Auch die Geschäftsführerin des Herstellers Vaude, Antje von Dewitz, sprach von einem "Meilenstein" und zugleich von einem "ersten Wurf", der weiterentwickelt werden müsse. Es sei gut, dass Organisationen Kritik am Grünen Knopf in seiner derzeitigen Form übten.
Die Kritik an dem Siegel ist wahrlich breit. Der Branchenverband textil+mode erklärte schlicht, er habe "kein Vertrauen" in das Label und könne es daher "nicht empfehlen". Der Verband, dem rund 1400 Firmen angehören, sorgt sich, dass die bereits etablierten Siegel, in die die Unternehmen "seit langem viel investieren", Schaden nehmen und an Glaubwürdigkeit verlieren.
Greenpeace lobte zwar Müllers Absicht, die Textilindustrie "fairer und sauberer zu machen". Nach derzeitigem Stand könnten aber auch Produkte aus Gentechnik-Fasern das Label erhalten. Grund dafür ist, dass der Prüfungsprozess nicht auf dem Baumwollfeld und der Faserproduktion, sondern erst beim Färben und Nähen beginnt. Greenpeace forderte verbindliche Ökostandards für die Textilindustrie.
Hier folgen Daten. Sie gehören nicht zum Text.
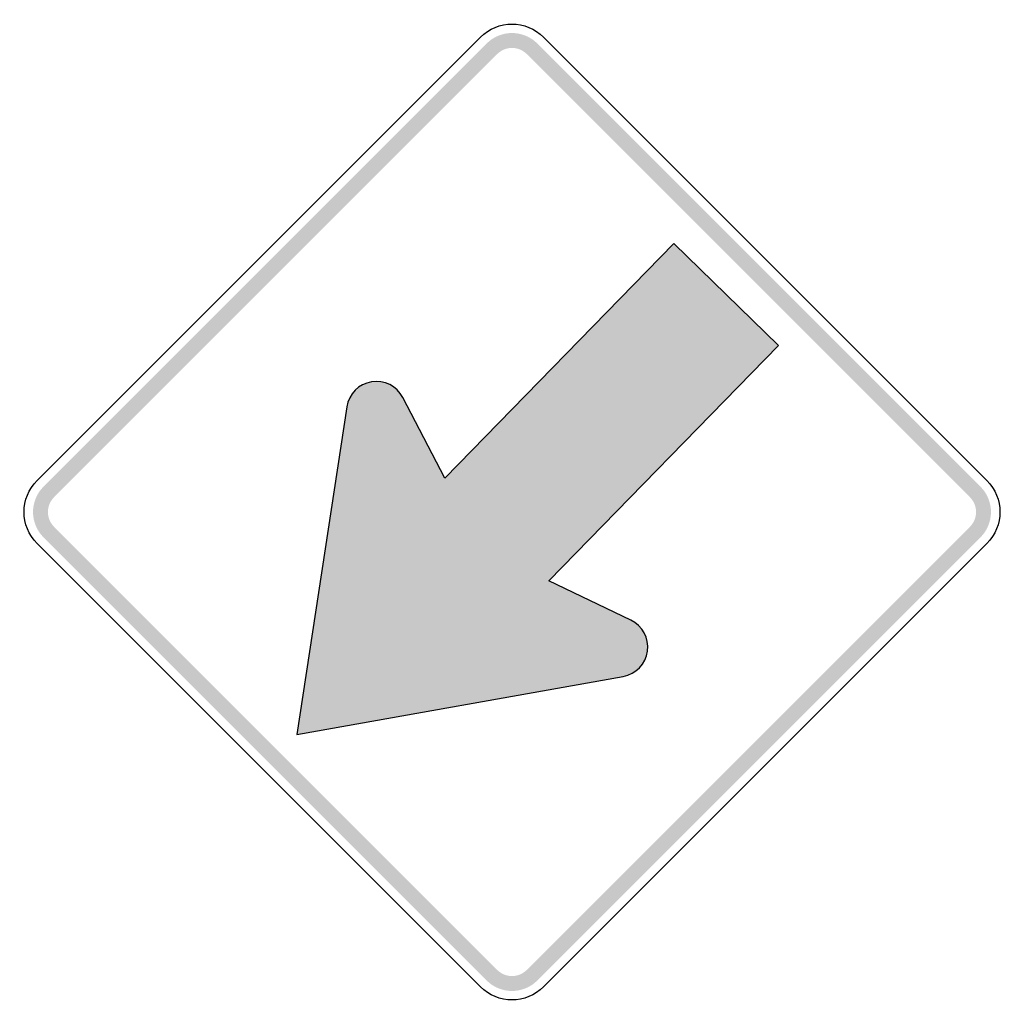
# Model space of a CAD drawing. Header units: inches. Extents: x -25.7 to 25.7, y -25.7 to 25.7.
import ezdxf

# ---------------------------------------------------------------- set-up
doc = ezdxf.new("R2010")
doc.units = ezdxf.units.IN
doc.header["$MEASUREMENT"] = 0

msp = doc.modelspace()

# ---------------------------------------------------------------- hatches: boundary and pattern name
for points in [[(1.321, 24.441), (1.185, 24.565), (1.038, 24.674), (0.881, 24.768), (0.715, 24.847), (0.542, 24.908), (0.364, 24.953), (0.183, 24.98), (0, 24.989), (-0.183, 24.98), (-0.365, 24.953), (-0.542, 24.908), (-0.715, 24.847), (-0.881, 24.768), (-1.038, 24.674), (-1.185, 24.565), (-1.321, 24.441), (-0.771, 23.891), (-0.691, 23.963), (-0.606, 24.027), (-0.514, 24.082), (-0.417, 24.127), (-0.316, 24.163), (-0.213, 24.189), (-0.107, 24.205), (0, 24.21), (0.107, 24.205), (0.213, 24.189), (0.316, 24.163), (0.417, 24.127), (0.514, 24.082), (0.606, 24.027), (0.691, 23.963), (0.771, 23.891), (1.321, 24.441)], [(-23.891, 0.771), (-0.771, 23.891), (-1.321, 24.441), (-24.442, 1.321), (-23.891, 0.771)], [(0.771, 23.891), (23.891, 0.771), (24.441, 1.321), (1.321, 24.441), (0.771, 23.891)], [(-24.442, 1.321), (-24.565, 1.185), (-24.674, 1.038), (-24.768, 0.881), (-24.847, 0.715), (-24.908, 0.542), (-24.953, 0.364), (-24.98, 0.183), (-24.989, 0), (-24.98, -0.183), (-24.953, -0.365), (-24.908, -0.542), (-24.847, -0.715), (-24.768, -0.881), (-24.674, -1.038), (-24.565, -1.185), (-24.442, -1.321), (-23.891, -0.771), (-23.963, -0.691), (-24.027, -0.606), (-24.082, -0.514), (-24.127, -0.417), (-24.163, -0.316), (-24.189, -0.213), (-24.205, -0.107), (-24.21, 0), (-24.205, 0.107), (-24.189, 0.213), (-24.163, 0.316), (-24.127, 0.417), (-24.082, 0.514), (-24.027, 0.606), (-23.963, 0.691), (-23.891, 0.771), (-24.442, 1.321)], [(24.441, -1.321), (24.565, -1.185), (24.674, -1.038), (24.768, -0.881), (24.847, -0.715), (24.908, -0.542), (24.953, -0.365), (24.98, -0.183), (24.989, 0), (24.98, 0.183), (24.953, 0.364), (24.908, 0.542), (24.847, 0.715), (24.768, 0.881), (24.674, 1.038), (24.565, 1.185), (24.441, 1.321), (23.891, 0.771), (23.963, 0.691), (24.027, 0.606), (24.082, 0.514), (24.127, 0.417), (24.163, 0.316), (24.189, 0.213), (24.205, 0.107), (24.21, 0), (24.205, -0.107), (24.189, -0.213), (24.163, -0.316), (24.127, -0.417), (24.082, -0.514), (24.027, -0.606), (23.963, -0.691), (23.891, -0.771), (24.441, -1.321)], [(-0.771, -23.891), (-23.891, -0.771), (-24.442, -1.321), (-1.321, -24.442), (-0.771, -23.891)], [(23.891, -0.771), (0.771, -23.891), (1.321, -24.442), (24.441, -1.321), (23.891, -0.771)], [(-1.321, -24.442), (-1.185, -24.565), (-1.038, -24.674), (-0.881, -24.768), (-0.715, -24.847), (-0.542, -24.908), (-0.365, -24.953), (-0.183, -24.98), (0, -24.989), (0.183, -24.98), (0.364, -24.953), (0.542, -24.908), (0.715, -24.847), (0.881, -24.768), (1.038, -24.674), (1.185, -24.565), (1.321, -24.442), (0.771, -23.891), (0.691, -23.963), (0.606, -24.027), (0.514, -24.082), (0.417, -24.127), (0.316, -24.163), (0.213, -24.189), (0.107, -24.205), (0, -24.21), (-0.107, -24.205), (-0.213, -24.189), (-0.316, -24.163), (-0.417, -24.127), (-0.514, -24.082), (-0.606, -24.027), (-0.691, -23.963), (-0.771, -23.891), (-1.321, -24.442)]]:
    msp.add_hatch(color=7).paths.add_polyline_path(points)
h = msp.add_hatch(color=7)
edge = h.paths.add_edge_path()
edge.add_line((13.896, 8.685), (8.447, 14.003))
edge.add_line((8.447, 14.003), (-3.5, 1.763))
edge.add_line((-3.5, 1.763), (-5.696, 5.974))
edge.add_spline(control_points=[(-5.696, 5.974), (-6.007, 6.571), (-6.667, 6.9), (-7.331, 6.79), (-7.995, 6.679), (-8.513, 6.155), (-8.615, 5.489)], knot_values=[0, 0, 0, 0, 1, 1, 1, 2, 2, 2, 2], degree=3, periodic=0)
edge.add_line((-8.615, 5.489), (-11.23, -11.607))
edge.add_line((-11.23, -11.607), (5.798, -8.578))
edge.add_spline(control_points=[(5.798, -8.578), (6.463, -8.46), (6.976, -7.927), (7.068, -7.257), (7.159, -6.588), (6.809, -5.936), (6.201, -5.643)], knot_values=[0, 0, 0, 0, 1, 1, 1, 2, 2, 2, 2], degree=3, periodic=0)
edge.add_line((6.201, -5.643), (1.922, -3.583))
edge.add_line((1.922, -3.583), (13.896, 8.685))

# ---------------------------------------------------------------- linework, layer by layer
at = {"color": 7}
for points in [[(-24.772, 1.651), (-1.651, 24.772)], [(1.651, 24.772), (24.772, 1.651)], [(1.922, -3.583), (13.896, 8.685), (8.447, 14.003), (-3.5, 1.763), (-5.696, 5.974)], [(-8.615, 5.489), (-11.23, -11.607), (5.798, -8.578)], [(-1.651, -24.772), (-24.772, -1.651)], [(24.772, -1.651), (1.651, -24.772)], [(6.201, -5.643), (1.922, -3.583)]]:
    msp.add_lwpolyline(points, dxfattribs=at)
for points in [[(-1.651, 24.772), (-0.739, 25.684), (0.739, 25.684), (1.651, 24.772)], [(-24.772, -1.651), (-25.684, -0.739), (-25.684, 0.739), (-24.772, 1.651)], [(24.772, 1.651), (25.684, 0.739), (25.684, -0.739), (24.772, -1.651)], [(1.651, -24.772), (0.739, -25.684), (-0.739, -25.684), (-1.651, -24.772)]]:
    msp.add_open_spline(points, degree=3, dxfattribs=at)
for points in [[(-5.696, 5.974), (-6.007, 6.571), (-6.667, 6.9), (-7.331, 6.79), (-7.995, 6.679), (-8.513, 6.155), (-8.615, 5.489)], [(5.798, -8.578), (6.463, -8.46), (6.976, -7.927), (7.068, -7.257), (7.159, -6.588), (6.809, -5.936), (6.201, -5.643)]]:
    msp.add_open_spline(points, degree=3, knots=[0, 0, 0, 0, 1, 1, 1, 2, 2, 2, 2], dxfattribs=at)

doc.saveas('drawing.dxf')

Die Menschenrechtsorganisation Medico International und pakistanische Partnerorganisationen sprachen von "Fairwashing" - dringend nötig seien gesetzliche Regelungen. Ein freiwilliges Label sei "praktisch wirkungslos". Terre des Hommes kritisierte, dass die Prüfung nicht die gesamte Produktionskette im Blick habe - somit seien "Kinderarbeit im Baumwollanbau und Sklaverei in Spinnereien" nicht auszuschließen. Kritik gibt es auch daran, dass Mindestlöhne nicht gleichzeitig existenzsichernde Löhne bedeuteten.
Der Verbraucherzentrale Bundesverband (vzbv) sprach zwar von einem positiven Siegel, das Orientierung beim Kauf biete. Ein Lieferkettengesetz, das alle Unternehmen binde, könne die Menschenrechte aber besser schützen.